ASSIGNMENT:
Give back exactly the lines of the data below, starting with the line that has "Answer: 58°F What" and going on through the line that has "Answer: Comfortable What".

RECORD EXTRACTS:
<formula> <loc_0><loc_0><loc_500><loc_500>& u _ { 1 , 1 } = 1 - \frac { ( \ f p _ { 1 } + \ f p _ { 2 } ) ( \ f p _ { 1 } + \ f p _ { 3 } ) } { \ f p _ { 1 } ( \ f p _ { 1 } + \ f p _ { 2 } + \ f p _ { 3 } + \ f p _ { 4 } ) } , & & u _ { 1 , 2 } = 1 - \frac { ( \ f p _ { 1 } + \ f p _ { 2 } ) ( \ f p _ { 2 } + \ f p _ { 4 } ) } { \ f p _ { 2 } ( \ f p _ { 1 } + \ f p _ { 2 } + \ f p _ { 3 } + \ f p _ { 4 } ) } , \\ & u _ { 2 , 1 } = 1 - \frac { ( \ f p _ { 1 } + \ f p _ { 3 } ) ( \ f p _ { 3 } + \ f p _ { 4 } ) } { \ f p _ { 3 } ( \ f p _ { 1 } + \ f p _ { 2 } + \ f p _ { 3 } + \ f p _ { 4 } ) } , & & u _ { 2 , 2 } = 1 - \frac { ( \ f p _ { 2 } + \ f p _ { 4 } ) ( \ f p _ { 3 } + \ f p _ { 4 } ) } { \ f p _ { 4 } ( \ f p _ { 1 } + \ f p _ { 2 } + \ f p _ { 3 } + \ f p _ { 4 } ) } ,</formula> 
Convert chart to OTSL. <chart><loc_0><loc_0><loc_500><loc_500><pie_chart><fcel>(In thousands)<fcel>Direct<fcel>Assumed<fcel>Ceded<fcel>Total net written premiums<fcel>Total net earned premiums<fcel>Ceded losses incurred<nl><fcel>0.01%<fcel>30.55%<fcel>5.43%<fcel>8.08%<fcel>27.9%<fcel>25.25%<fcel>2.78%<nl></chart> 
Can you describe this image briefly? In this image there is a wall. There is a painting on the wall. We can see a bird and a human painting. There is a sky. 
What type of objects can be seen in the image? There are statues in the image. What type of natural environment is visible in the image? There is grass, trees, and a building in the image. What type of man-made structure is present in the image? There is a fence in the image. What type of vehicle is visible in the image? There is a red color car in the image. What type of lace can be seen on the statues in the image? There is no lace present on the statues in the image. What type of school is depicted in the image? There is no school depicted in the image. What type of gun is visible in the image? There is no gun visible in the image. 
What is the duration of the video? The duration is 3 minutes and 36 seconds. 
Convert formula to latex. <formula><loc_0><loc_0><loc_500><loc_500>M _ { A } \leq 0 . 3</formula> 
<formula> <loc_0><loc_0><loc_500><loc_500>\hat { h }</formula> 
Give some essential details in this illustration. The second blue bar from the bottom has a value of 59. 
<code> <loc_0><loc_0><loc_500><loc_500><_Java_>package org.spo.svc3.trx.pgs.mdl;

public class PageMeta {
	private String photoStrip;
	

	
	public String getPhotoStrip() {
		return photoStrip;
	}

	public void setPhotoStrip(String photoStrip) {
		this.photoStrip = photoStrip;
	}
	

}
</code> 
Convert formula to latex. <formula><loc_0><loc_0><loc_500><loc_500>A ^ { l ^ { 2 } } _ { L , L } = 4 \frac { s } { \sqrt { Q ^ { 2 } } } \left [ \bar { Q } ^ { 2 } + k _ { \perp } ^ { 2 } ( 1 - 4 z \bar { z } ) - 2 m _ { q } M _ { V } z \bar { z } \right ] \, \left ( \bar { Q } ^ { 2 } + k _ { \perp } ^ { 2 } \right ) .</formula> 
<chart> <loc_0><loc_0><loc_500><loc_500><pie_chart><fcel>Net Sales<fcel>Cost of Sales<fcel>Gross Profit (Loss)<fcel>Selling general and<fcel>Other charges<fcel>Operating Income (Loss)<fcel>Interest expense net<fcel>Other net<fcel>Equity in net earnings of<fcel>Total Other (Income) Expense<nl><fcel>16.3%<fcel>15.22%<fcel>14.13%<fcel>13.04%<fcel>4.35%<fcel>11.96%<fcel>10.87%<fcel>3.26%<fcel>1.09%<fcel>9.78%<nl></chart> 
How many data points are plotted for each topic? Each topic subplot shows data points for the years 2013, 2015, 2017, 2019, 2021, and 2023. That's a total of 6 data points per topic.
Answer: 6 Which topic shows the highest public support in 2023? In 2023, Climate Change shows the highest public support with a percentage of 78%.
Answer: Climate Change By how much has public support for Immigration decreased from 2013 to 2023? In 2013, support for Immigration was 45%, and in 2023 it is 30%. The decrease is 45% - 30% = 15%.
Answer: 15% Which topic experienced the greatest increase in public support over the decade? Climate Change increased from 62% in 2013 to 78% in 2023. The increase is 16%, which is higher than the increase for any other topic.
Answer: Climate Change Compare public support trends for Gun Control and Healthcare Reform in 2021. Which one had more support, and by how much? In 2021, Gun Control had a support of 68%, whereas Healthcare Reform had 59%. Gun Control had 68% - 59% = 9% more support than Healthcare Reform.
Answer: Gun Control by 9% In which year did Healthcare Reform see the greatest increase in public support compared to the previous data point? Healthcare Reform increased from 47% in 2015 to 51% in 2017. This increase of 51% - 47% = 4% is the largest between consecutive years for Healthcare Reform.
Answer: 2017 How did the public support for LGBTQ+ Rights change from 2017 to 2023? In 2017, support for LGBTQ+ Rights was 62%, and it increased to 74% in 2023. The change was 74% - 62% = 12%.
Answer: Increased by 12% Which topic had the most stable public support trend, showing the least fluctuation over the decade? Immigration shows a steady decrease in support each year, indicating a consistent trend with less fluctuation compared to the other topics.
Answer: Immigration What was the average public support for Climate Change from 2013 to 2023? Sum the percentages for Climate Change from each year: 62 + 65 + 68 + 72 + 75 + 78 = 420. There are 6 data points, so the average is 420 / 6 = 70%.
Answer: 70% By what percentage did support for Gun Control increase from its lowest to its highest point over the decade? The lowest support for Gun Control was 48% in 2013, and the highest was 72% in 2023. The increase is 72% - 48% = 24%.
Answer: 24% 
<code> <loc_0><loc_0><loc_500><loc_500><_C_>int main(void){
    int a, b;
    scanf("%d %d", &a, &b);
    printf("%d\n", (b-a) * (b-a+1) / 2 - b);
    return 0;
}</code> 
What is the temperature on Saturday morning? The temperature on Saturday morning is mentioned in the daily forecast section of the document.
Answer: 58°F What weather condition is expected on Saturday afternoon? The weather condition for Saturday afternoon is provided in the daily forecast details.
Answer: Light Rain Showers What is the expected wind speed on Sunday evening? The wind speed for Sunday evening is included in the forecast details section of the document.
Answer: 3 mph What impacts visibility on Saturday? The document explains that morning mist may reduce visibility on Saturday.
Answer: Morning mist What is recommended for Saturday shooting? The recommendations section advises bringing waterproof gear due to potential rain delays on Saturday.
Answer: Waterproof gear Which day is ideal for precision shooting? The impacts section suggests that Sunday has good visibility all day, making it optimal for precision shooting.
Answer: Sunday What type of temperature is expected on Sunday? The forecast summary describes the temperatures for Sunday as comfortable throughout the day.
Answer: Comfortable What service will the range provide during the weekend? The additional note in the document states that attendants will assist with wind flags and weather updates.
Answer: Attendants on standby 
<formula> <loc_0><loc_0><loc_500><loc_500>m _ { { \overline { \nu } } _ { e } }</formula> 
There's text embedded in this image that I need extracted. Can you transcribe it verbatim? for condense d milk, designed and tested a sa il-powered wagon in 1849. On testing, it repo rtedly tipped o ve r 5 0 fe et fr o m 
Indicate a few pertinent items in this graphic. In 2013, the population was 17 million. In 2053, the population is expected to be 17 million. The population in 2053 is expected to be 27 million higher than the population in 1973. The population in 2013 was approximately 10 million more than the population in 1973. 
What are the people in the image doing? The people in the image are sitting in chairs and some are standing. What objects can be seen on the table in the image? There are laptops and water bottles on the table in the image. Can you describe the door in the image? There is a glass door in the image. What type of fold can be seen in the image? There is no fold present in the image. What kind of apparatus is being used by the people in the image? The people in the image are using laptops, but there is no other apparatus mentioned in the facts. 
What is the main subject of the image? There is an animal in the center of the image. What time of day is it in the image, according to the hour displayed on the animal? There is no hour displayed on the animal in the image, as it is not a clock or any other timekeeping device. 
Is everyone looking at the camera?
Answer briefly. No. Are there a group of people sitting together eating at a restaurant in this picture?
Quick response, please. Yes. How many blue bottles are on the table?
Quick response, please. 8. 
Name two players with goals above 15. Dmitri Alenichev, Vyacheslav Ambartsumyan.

ANSWER BELOW:
Answer: 58°F What weather condition is expected on Saturday afternoon? The weather condition for Saturday afternoon is provided in the daily forecast details.
Answer: Light Rain Showers What is the expected wind speed on Sunday evening? The wind speed for Sunday evening is included in the forecast details section of the document.
Answer: 3 mph What impacts visibility on Saturday? The document explains that morning mist may reduce visibility on Saturday.
Answer: Morning mist What is recommended for Saturday shooting? The recommendations section advises bringing waterproof gear due to potential rain delays on Saturday.
Answer: Waterproof gear Which day is ideal for precision shooting? The impacts section suggests that Sunday has good visibility all day, making it optimal for precision shooting.
Answer: Sunday What type of temperature is expected on Sunday? The forecast summary describes the temperatures for Sunday as comfortable throughout the day.
Answer: Comfortable What service will the range provide during the weekend? The additional note in the document states that attendants will assist with wind flags and weather updates.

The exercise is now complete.